* Aim of the task *
What is needed is a faithful transcription of all the data below, pictures excluded.

-- Input for this task follows --

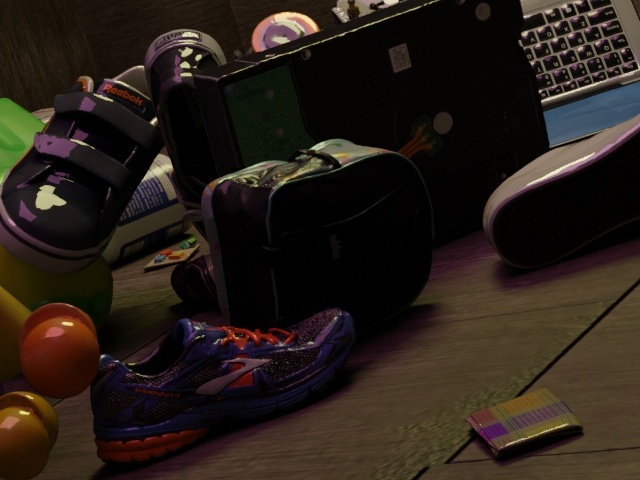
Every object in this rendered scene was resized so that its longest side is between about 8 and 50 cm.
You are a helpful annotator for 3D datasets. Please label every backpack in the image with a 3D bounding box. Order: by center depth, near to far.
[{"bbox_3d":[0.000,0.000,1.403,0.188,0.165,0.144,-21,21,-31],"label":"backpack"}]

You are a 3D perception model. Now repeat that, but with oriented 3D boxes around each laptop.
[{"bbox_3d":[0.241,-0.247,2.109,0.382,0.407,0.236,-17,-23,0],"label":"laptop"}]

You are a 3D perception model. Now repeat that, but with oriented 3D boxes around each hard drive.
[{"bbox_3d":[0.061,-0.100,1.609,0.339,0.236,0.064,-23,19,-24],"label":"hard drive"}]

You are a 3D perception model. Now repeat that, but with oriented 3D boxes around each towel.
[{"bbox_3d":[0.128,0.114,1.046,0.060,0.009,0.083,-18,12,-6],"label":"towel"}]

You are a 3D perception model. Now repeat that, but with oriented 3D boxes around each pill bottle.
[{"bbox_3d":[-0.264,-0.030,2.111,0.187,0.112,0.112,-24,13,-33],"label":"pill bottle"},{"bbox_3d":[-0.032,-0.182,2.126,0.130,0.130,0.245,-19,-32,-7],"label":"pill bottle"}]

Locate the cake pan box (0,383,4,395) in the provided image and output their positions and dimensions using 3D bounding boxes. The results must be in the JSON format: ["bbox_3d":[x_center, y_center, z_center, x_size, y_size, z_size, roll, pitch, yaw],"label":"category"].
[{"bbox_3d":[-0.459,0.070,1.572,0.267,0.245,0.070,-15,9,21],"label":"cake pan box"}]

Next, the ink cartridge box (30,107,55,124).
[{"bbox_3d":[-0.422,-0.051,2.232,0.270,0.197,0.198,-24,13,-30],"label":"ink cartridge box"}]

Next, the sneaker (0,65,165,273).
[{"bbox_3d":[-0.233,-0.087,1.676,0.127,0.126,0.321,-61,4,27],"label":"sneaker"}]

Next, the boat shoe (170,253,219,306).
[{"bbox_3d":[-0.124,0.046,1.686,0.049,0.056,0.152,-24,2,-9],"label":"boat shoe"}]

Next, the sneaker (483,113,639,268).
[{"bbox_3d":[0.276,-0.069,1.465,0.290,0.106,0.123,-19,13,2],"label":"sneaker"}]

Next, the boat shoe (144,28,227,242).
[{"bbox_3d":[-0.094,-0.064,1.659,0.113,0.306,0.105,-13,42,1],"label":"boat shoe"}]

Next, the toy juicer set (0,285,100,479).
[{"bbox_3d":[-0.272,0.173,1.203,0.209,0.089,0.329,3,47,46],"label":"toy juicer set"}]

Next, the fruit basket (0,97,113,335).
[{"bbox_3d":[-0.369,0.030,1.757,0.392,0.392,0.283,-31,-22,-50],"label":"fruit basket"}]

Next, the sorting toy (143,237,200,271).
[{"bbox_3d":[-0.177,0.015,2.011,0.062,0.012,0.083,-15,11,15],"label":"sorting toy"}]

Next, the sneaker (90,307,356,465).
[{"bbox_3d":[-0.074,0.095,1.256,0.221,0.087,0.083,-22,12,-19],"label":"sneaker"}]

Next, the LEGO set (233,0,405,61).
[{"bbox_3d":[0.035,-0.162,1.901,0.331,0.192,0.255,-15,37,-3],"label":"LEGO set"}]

-- Input for this task concluded --

* Written solution *
Every object in this rendered scene was resized so that its longest side is between about 8 and 50 cm.
You are a helpful annotator for 3D datasets. Please label every backpack in the image with a 3D bounding box. Order: by center depth, near to far.
[{"bbox_3d":[0.000,0.000,1.403,0.188,0.165,0.144,-21,21,-31],"label":"backpack"}]

You are a 3D perception model. Now repeat that, but with oriented 3D boxes around each laptop.
[{"bbox_3d":[0.241,-0.247,2.109,0.382,0.407,0.236,-17,-23,0],"label":"laptop"}]

You are a 3D perception model. Now repeat that, but with oriented 3D boxes around each hard drive.
[{"bbox_3d":[0.061,-0.100,1.609,0.339,0.236,0.064,-23,19,-24],"label":"hard drive"}]

You are a 3D perception model. Now repeat that, but with oriented 3D boxes around each towel.
[{"bbox_3d":[0.128,0.114,1.046,0.060,0.009,0.083,-18,12,-6],"label":"towel"}]

You are a 3D perception model. Now repeat that, but with oriented 3D boxes around each pill bottle.
[{"bbox_3d":[-0.264,-0.030,2.111,0.187,0.112,0.112,-24,13,-33],"label":"pill bottle"},{"bbox_3d":[-0.032,-0.182,2.126,0.130,0.130,0.245,-19,-32,-7],"label":"pill bottle"}]

Locate the cake pan box (0,383,4,395) in the provided image and output their positions and dimensions using 3D bounding boxes. The results must be in the JSON format: ["bbox_3d":[x_center, y_center, z_center, x_size, y_size, z_size, roll, pitch, yaw],"label":"category"].
[{"bbox_3d":[-0.459,0.070,1.572,0.267,0.245,0.070,-15,9,21],"label":"cake pan box"}]

Next, the ink cartridge box (30,107,55,124).
[{"bbox_3d":[-0.422,-0.051,2.232,0.270,0.197,0.198,-24,13,-30],"label":"ink cartridge box"}]

Next, the sneaker (0,65,165,273).
[{"bbox_3d":[-0.233,-0.087,1.676,0.127,0.126,0.321,-61,4,27],"label":"sneaker"}]

Next, the boat shoe (170,253,219,306).
[{"bbox_3d":[-0.124,0.046,1.686,0.049,0.056,0.152,-24,2,-9],"label":"boat shoe"}]

Next, the sneaker (483,113,639,268).
[{"bbox_3d":[0.276,-0.069,1.465,0.290,0.106,0.123,-19,13,2],"label":"sneaker"}]

Next, the boat shoe (144,28,227,242).
[{"bbox_3d":[-0.094,-0.064,1.659,0.113,0.306,0.105,-13,42,1],"label":"boat shoe"}]

Next, the toy juicer set (0,285,100,479).
[{"bbox_3d":[-0.272,0.173,1.203,0.209,0.089,0.329,3,47,46],"label":"toy juicer set"}]

Next, the fruit basket (0,97,113,335).
[{"bbox_3d":[-0.369,0.030,1.757,0.392,0.392,0.283,-31,-22,-50],"label":"fruit basket"}]

Next, the sorting toy (143,237,200,271).
[{"bbox_3d":[-0.177,0.015,2.011,0.062,0.012,0.083,-15,11,15],"label":"sorting toy"}]

Next, the sneaker (90,307,356,465).
[{"bbox_3d":[-0.074,0.095,1.256,0.221,0.087,0.083,-22,12,-19],"label":"sneaker"}]

Next, the LEGO set (233,0,405,61).
[{"bbox_3d":[0.035,-0.162,1.901,0.331,0.192,0.255,-15,37,-3],"label":"LEGO set"}]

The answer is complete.